- **REQUIREMENT**: Each record below must be reproduced exactly as it reads, with its images omitted.

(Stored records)
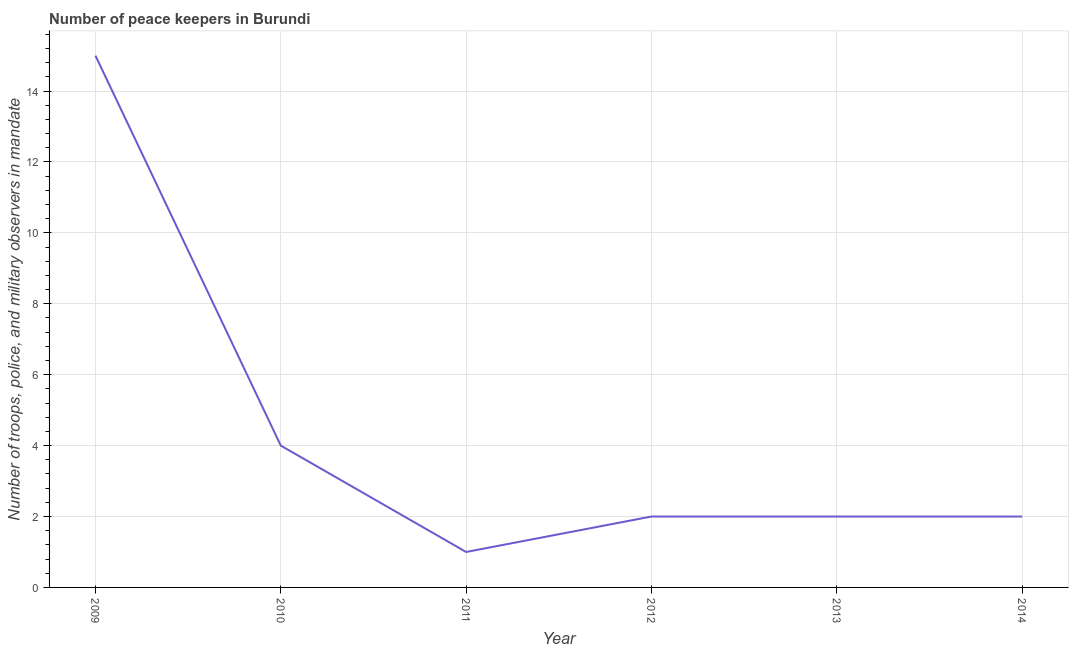What is the number of peace keepers in 2009?
Your answer should be very brief. 15. Across all years, what is the maximum number of peace keepers?
Keep it short and to the point. 15. Across all years, what is the minimum number of peace keepers?
Your answer should be very brief. 1. In which year was the number of peace keepers minimum?
Offer a very short reply. 2011. What is the sum of the number of peace keepers?
Your answer should be compact. 26. What is the difference between the number of peace keepers in 2011 and 2012?
Provide a succinct answer. -1. What is the average number of peace keepers per year?
Ensure brevity in your answer.  4.33. In how many years, is the number of peace keepers greater than 9.6 ?
Provide a succinct answer. 1. Do a majority of the years between 2013 and 2010 (inclusive) have number of peace keepers greater than 10.4 ?
Your answer should be compact. Yes. What is the ratio of the number of peace keepers in 2009 to that in 2011?
Make the answer very short. 15. What is the difference between the highest and the second highest number of peace keepers?
Give a very brief answer. 11. What is the difference between the highest and the lowest number of peace keepers?
Provide a succinct answer. 14. How many lines are there?
Keep it short and to the point. 1. How many years are there in the graph?
Provide a short and direct response. 6. What is the difference between two consecutive major ticks on the Y-axis?
Provide a succinct answer. 2. What is the title of the graph?
Make the answer very short. Number of peace keepers in Burundi. What is the label or title of the X-axis?
Offer a terse response. Year. What is the label or title of the Y-axis?
Your response must be concise. Number of troops, police, and military observers in mandate. What is the Number of troops, police, and military observers in mandate in 2011?
Your answer should be compact. 1. What is the Number of troops, police, and military observers in mandate in 2012?
Offer a terse response. 2. What is the difference between the Number of troops, police, and military observers in mandate in 2009 and 2012?
Make the answer very short. 13. What is the difference between the Number of troops, police, and military observers in mandate in 2009 and 2013?
Provide a short and direct response. 13. What is the difference between the Number of troops, police, and military observers in mandate in 2010 and 2011?
Provide a short and direct response. 3. What is the difference between the Number of troops, police, and military observers in mandate in 2010 and 2012?
Your answer should be very brief. 2. What is the difference between the Number of troops, police, and military observers in mandate in 2010 and 2013?
Provide a succinct answer. 2. What is the difference between the Number of troops, police, and military observers in mandate in 2011 and 2012?
Ensure brevity in your answer.  -1. What is the difference between the Number of troops, police, and military observers in mandate in 2011 and 2013?
Ensure brevity in your answer.  -1. What is the difference between the Number of troops, police, and military observers in mandate in 2011 and 2014?
Offer a very short reply. -1. What is the difference between the Number of troops, police, and military observers in mandate in 2012 and 2013?
Make the answer very short. 0. What is the difference between the Number of troops, police, and military observers in mandate in 2012 and 2014?
Your answer should be very brief. 0. What is the ratio of the Number of troops, police, and military observers in mandate in 2009 to that in 2010?
Give a very brief answer. 3.75. What is the ratio of the Number of troops, police, and military observers in mandate in 2009 to that in 2013?
Provide a short and direct response. 7.5. What is the ratio of the Number of troops, police, and military observers in mandate in 2010 to that in 2012?
Ensure brevity in your answer.  2. What is the ratio of the Number of troops, police, and military observers in mandate in 2011 to that in 2012?
Make the answer very short. 0.5. What is the ratio of the Number of troops, police, and military observers in mandate in 2011 to that in 2014?
Provide a succinct answer. 0.5. What is the ratio of the Number of troops, police, and military observers in mandate in 2012 to that in 2013?
Ensure brevity in your answer.  1. What is the ratio of the Number of troops, police, and military observers in mandate in 2013 to that in 2014?
Your answer should be very brief. 1. 
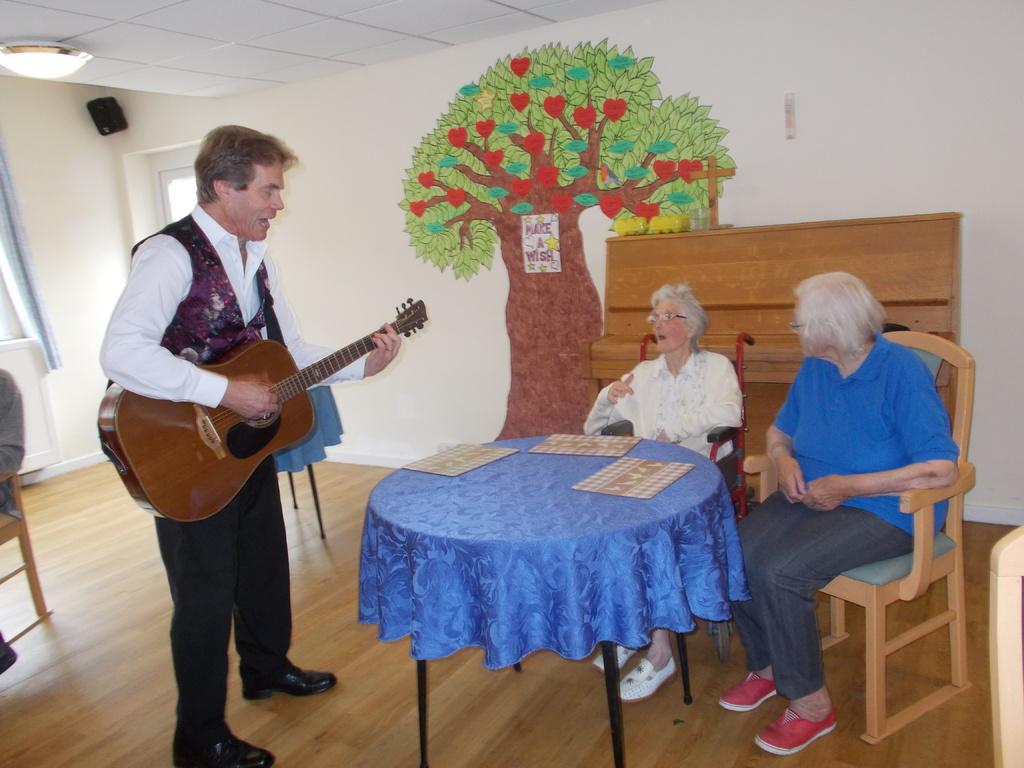How many people are sitting in the chair in the image? There are two people sitting in a chair in the image. What is located in front of the people sitting in the chair? The people are in front of a table. What is the man standing behind the people doing? The man is holding a guitar. Can you describe the piece of art on the wall in the image? The piece of art on the wall depicts a tree. How many times does the man sneeze while holding the guitar in the image? There is no indication in the image that the man is sneezing, and therefore no such activity can be observed. What part of the tree is visible in the piece of art on the wall? The piece of art on the wall depicts a tree, but it does not show a specific part of the tree. 
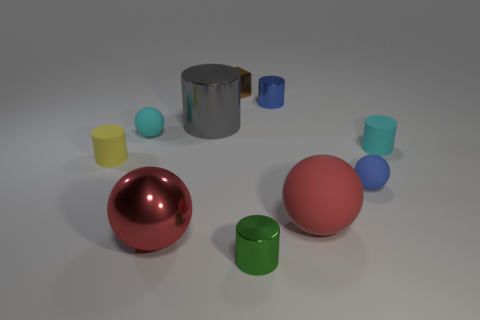Which objects in the image have a reflective surface? The objects with a reflective surface in this image include the large red sphere, the silver cylinder, and the small blue cylinder. 
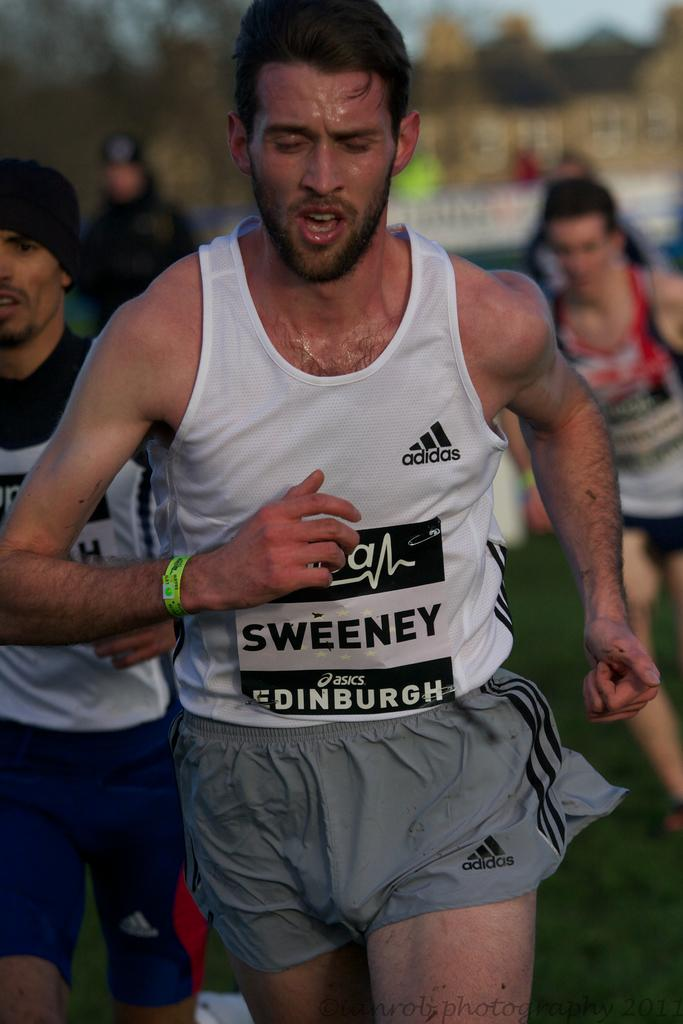Provide a one-sentence caption for the provided image. Men are running in a race sweating in adidas outfits.

- **YOUR RESPONSE**:
What is the number of peace keepers in 2009?
Your answer should be very brief. 15. Across all years, what is the maximum number of peace keepers?
Keep it short and to the point. 15. Across all years, what is the minimum number of peace keepers?
Your answer should be very brief. 1. In which year was the number of peace keepers minimum?
Offer a very short reply. 2011. What is the sum of the number of peace keepers?
Your answer should be compact. 26. What is the difference between the number of peace keepers in 2011 and 2012?
Provide a succinct answer. -1. What is the average number of peace keepers per year?
Ensure brevity in your answer.  4.33. In how many years, is the number of peace keepers greater than 9.6 ?
Provide a succinct answer. 1. Do a majority of the years between 2013 and 2010 (inclusive) have number of peace keepers greater than 10.4 ?
Your answer should be compact. Yes. What is the ratio of the number of peace keepers in 2009 to that in 2011?
Make the answer very short. 15. What is the difference between the highest and the second highest number of peace keepers?
Give a very brief answer. 11. What is the difference between the highest and the lowest number of peace keepers?
Provide a succinct answer. 14. How many lines are there?
Keep it short and to the point. 1. How many years are there in the graph?
Provide a short and direct response. 6. What is the difference between two consecutive major ticks on the Y-axis?
Provide a succinct answer. 2. What is the title of the graph?
Make the answer very short. Number of peace keepers in Burundi. What is the label or title of the X-axis?
Offer a terse response. Year. What is the label or title of the Y-axis?
Your response must be concise. Number of troops, police, and military observers in mandate. What is the Number of troops, police, and military observers in mandate in 2011?
Your answer should be compact. 1. What is the Number of troops, police, and military observers in mandate in 2012?
Offer a terse response. 2. What is the difference between the Number of troops, police, and military observers in mandate in 2009 and 2012?
Make the answer very short. 13. What is the difference between the Number of troops, police, and military observers in mandate in 2009 and 2013?
Provide a short and direct response. 13. What is the difference between the Number of troops, police, and military observers in mandate in 2010 and 2011?
Provide a short and direct response. 3. What is the difference between the Number of troops, police, and military observers in mandate in 2010 and 2012?
Your answer should be very brief. 2. What is the difference between the Number of troops, police, and military observers in mandate in 2010 and 2013?
Provide a succinct answer. 2. What is the difference between the Number of troops, police, and military observers in mandate in 2011 and 2012?
Ensure brevity in your answer.  -1. What is the difference between the Number of troops, police, and military observers in mandate in 2011 and 2013?
Ensure brevity in your answer.  -1. What is the difference between the Number of troops, police, and military observers in mandate in 2011 and 2014?
Offer a very short reply. -1. What is the difference between the Number of troops, police, and military observers in mandate in 2012 and 2013?
Make the answer very short. 0. What is the difference between the Number of troops, police, and military observers in mandate in 2012 and 2014?
Your answer should be very brief. 0. What is the ratio of the Number of troops, police, and military observers in mandate in 2009 to that in 2010?
Give a very brief answer. 3.75. What is the ratio of the Number of troops, police, and military observers in mandate in 2009 to that in 2013?
Provide a short and direct response. 7.5. What is the ratio of the Number of troops, police, and military observers in mandate in 2010 to that in 2012?
Ensure brevity in your answer.  2. What is the ratio of the Number of troops, police, and military observers in mandate in 2011 to that in 2012?
Make the answer very short. 0.5. What is the ratio of the Number of troops, police, and military observers in mandate in 2011 to that in 2014?
Provide a succinct answer. 0.5. What is the ratio of the Number of troops, police, and military observers in mandate in 2012 to that in 2013?
Ensure brevity in your answer.  1. What is the ratio of the Number of troops, police, and military observers in mandate in 2013 to that in 2014?
Your answer should be very brief. 1. 
How many people are sitting in the chair in the image? There are two people sitting in a chair in the image. What is located in front of the people sitting in the chair? The people are in front of a table. What is the man standing behind the people doing? The man is holding a guitar. Can you describe the piece of art on the wall in the image? The piece of art on the wall depicts a tree. How many times does the man sneeze while holding the guitar in the image? There is no indication in the image that the man is sneezing, and therefore no such activity can be observed. What part of the tree is visible in the piece of art on the wall? The piece of art on the wall depicts a tree, but it does not show a specific part of the tree. 
Which objects in the image have a reflective surface? The objects with a reflective surface in this image include the large red sphere, the silver cylinder, and the small blue cylinder. 
Provide a one-sentence caption for the provided image. Men are running in a race sweating in adidas outfits.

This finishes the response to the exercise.